- _WHAT IS EXPECTED_:
Take every line in the entries that includes the word "world" and copy it.

[[ DATA EXTRACTS open ]]

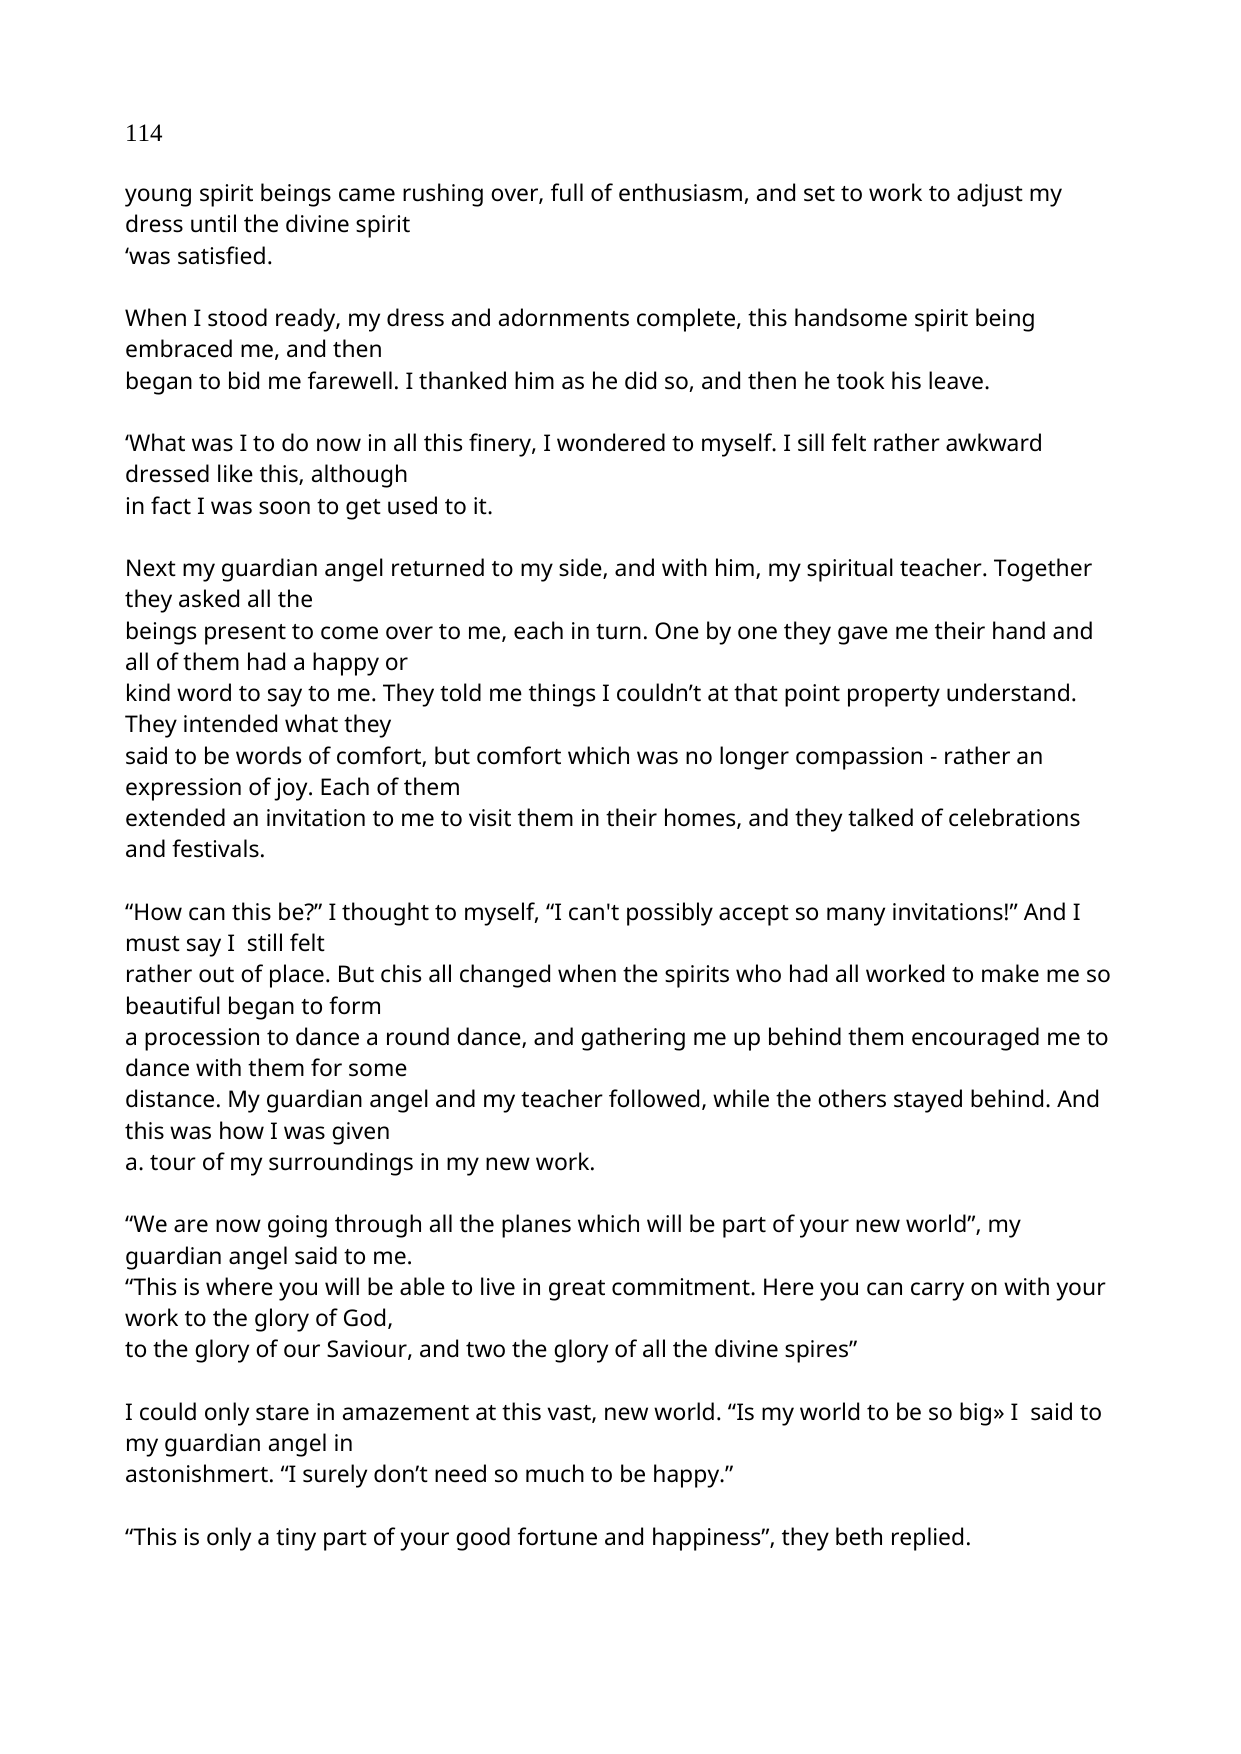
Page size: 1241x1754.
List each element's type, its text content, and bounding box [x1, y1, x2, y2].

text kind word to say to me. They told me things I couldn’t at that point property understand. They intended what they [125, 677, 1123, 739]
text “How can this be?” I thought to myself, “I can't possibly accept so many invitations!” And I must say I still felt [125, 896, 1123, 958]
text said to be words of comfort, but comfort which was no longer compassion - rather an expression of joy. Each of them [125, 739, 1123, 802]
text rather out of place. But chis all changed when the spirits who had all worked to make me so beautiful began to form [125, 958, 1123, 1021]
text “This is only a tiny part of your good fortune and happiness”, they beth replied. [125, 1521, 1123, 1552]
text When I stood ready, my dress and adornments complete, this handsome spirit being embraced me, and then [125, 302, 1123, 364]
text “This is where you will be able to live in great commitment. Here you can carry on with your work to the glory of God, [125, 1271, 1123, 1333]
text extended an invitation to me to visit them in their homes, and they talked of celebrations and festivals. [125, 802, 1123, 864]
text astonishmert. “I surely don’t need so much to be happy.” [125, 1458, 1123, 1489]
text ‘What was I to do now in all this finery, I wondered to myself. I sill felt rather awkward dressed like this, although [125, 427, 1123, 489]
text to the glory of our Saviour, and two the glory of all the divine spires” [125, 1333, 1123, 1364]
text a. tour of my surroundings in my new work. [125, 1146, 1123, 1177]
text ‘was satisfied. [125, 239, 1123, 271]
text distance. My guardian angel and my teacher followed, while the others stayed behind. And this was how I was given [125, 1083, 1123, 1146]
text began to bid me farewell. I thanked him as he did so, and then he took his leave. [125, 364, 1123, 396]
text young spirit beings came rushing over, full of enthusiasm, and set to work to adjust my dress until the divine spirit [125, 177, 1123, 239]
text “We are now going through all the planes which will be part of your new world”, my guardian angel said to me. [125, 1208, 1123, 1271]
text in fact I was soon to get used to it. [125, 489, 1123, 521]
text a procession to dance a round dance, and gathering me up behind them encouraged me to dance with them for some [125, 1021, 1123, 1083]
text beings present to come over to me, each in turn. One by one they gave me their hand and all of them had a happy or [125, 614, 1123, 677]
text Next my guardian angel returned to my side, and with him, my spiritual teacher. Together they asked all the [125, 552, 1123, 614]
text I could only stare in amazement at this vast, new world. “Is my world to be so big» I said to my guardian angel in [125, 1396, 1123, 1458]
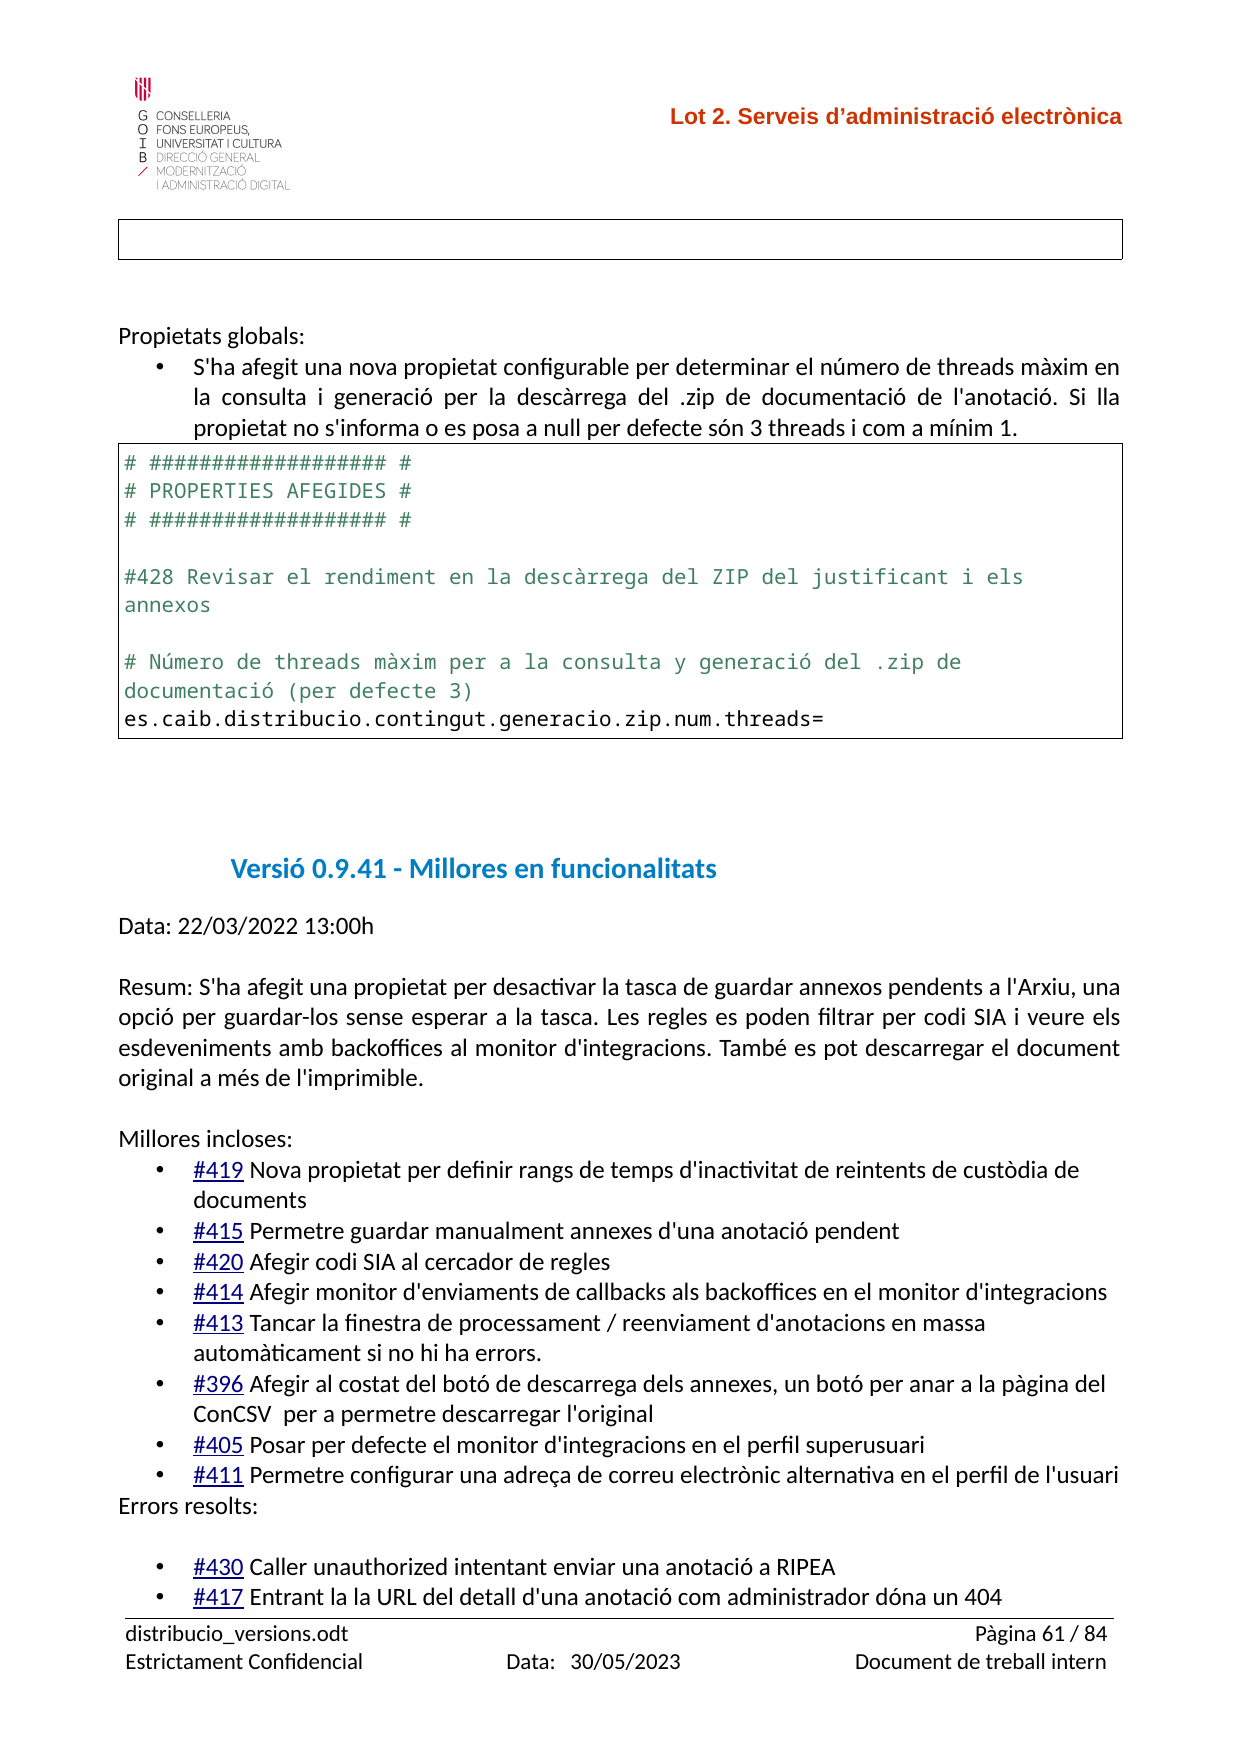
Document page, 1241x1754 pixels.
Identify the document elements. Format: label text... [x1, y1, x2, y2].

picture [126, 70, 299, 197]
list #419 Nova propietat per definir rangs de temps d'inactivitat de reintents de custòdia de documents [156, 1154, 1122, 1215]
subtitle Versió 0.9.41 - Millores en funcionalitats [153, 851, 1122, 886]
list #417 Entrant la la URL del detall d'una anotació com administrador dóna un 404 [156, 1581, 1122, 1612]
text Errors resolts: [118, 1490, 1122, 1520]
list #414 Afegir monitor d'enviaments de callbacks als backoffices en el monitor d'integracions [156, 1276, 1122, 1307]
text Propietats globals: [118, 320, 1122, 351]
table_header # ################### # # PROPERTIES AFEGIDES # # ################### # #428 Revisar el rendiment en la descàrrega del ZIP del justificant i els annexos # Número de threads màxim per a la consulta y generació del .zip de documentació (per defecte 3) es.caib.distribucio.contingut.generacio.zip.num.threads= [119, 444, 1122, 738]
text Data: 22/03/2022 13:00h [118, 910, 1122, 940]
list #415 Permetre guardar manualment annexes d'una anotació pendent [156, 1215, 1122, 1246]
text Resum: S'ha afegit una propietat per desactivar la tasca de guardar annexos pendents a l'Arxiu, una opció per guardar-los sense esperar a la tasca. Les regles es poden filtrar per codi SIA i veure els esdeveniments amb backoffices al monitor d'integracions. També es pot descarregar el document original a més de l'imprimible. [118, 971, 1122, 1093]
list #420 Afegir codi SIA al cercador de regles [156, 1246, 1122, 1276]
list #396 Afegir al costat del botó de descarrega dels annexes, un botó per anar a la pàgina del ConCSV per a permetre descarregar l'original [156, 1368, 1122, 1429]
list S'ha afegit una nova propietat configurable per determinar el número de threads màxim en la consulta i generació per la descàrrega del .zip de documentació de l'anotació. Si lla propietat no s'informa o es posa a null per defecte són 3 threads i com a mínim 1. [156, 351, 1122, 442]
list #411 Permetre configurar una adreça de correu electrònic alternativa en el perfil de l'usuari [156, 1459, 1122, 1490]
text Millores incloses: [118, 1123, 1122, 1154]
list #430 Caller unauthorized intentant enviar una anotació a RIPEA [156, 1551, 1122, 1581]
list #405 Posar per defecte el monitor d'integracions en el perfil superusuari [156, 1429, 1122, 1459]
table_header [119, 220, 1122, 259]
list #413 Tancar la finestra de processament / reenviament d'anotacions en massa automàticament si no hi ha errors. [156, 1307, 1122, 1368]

[[ DATA EXTRACTS closed ]]
[[ DATA EXTRACTS open ]]

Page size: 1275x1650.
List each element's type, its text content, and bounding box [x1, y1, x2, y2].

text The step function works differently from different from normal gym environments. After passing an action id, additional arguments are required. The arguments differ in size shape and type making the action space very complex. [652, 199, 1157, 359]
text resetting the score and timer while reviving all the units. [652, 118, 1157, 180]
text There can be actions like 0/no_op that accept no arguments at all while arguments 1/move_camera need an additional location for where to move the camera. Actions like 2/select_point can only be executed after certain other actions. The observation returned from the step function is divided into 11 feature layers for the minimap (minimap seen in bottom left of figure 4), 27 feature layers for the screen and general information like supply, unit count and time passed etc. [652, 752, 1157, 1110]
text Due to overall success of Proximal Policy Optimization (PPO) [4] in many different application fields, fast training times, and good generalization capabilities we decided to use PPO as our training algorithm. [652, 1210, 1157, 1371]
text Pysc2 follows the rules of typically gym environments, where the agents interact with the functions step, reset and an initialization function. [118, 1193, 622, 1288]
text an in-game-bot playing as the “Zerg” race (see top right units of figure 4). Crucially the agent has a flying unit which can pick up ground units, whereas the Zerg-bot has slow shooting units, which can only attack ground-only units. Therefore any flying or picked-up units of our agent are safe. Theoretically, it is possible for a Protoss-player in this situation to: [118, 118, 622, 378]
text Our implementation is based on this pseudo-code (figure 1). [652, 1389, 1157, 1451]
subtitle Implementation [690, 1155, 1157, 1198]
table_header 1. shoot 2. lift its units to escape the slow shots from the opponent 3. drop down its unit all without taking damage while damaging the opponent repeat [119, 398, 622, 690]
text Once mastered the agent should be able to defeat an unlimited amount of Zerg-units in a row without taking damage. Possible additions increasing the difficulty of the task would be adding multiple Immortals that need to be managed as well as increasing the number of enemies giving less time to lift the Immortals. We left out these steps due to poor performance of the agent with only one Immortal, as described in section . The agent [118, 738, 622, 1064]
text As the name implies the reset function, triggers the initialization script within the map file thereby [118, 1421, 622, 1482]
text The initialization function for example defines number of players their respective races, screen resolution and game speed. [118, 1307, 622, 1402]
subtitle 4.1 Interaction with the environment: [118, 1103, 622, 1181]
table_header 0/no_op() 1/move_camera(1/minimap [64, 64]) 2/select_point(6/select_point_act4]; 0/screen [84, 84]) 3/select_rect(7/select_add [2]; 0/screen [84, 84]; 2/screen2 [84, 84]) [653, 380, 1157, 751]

[[ DATA EXTRACTS closed ]]
[[ DATA EXTRACTS open ]]

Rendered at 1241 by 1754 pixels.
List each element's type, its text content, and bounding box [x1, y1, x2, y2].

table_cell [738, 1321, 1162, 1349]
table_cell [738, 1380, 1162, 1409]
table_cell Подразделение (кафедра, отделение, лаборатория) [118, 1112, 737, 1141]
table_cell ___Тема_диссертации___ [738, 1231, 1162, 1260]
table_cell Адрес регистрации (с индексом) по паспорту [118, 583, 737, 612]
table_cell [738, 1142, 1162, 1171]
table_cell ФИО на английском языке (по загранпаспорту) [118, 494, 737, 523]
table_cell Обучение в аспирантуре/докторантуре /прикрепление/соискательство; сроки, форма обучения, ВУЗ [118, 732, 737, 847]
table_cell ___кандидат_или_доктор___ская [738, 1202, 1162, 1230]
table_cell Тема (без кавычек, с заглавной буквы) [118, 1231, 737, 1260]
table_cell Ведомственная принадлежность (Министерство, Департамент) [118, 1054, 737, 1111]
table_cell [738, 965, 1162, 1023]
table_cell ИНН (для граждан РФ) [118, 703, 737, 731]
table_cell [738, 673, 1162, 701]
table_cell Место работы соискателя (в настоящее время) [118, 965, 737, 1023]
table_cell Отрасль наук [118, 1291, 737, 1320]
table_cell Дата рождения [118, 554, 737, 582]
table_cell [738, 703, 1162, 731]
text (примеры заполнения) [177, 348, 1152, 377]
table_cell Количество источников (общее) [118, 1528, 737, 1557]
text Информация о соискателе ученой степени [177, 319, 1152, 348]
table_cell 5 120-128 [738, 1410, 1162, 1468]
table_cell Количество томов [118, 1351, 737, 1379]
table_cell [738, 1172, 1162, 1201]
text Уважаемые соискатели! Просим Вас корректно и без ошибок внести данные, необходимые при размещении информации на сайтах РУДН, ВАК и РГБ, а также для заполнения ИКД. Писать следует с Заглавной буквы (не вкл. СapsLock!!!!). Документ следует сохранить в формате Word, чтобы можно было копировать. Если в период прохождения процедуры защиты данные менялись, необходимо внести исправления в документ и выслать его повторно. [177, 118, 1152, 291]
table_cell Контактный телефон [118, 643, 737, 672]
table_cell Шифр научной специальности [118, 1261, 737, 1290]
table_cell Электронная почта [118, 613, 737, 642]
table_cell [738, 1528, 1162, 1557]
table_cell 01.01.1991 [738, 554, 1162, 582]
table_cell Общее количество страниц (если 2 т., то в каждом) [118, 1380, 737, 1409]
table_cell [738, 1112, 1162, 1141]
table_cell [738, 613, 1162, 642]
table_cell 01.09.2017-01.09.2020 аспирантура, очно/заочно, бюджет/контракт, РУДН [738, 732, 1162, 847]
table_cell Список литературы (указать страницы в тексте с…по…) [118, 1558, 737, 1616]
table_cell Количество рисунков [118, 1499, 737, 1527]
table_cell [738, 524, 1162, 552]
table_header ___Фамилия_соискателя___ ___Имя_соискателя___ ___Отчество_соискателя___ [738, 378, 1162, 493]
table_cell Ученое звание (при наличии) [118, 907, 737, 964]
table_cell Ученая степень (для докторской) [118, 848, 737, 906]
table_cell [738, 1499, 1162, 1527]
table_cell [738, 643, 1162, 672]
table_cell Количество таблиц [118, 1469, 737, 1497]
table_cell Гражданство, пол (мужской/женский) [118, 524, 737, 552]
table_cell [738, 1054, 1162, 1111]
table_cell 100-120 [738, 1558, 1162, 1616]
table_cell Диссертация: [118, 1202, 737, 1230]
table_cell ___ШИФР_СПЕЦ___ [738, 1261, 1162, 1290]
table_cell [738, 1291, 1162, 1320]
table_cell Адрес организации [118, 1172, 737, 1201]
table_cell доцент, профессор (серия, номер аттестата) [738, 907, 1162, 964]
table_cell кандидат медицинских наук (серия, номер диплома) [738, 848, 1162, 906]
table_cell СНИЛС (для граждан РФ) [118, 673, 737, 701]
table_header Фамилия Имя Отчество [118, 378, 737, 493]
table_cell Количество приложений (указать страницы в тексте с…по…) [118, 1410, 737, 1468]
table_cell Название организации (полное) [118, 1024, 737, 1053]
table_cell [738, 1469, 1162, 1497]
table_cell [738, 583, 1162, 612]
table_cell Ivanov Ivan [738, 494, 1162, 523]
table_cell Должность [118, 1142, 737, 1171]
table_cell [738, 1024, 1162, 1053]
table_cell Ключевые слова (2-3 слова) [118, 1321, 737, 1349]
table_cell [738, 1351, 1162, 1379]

[[ DATA EXTRACTS closed ]]

- _PROBLEM SOLUTION_:
text “We are now going through all the planes which will be part of your new world”, my guardian angel said to me. [125, 1208, 1123, 1271]
text I could only stare in amazement at this vast, new world. “Is my world to be so big» I said to my guardian angel in [125, 1396, 1123, 1458]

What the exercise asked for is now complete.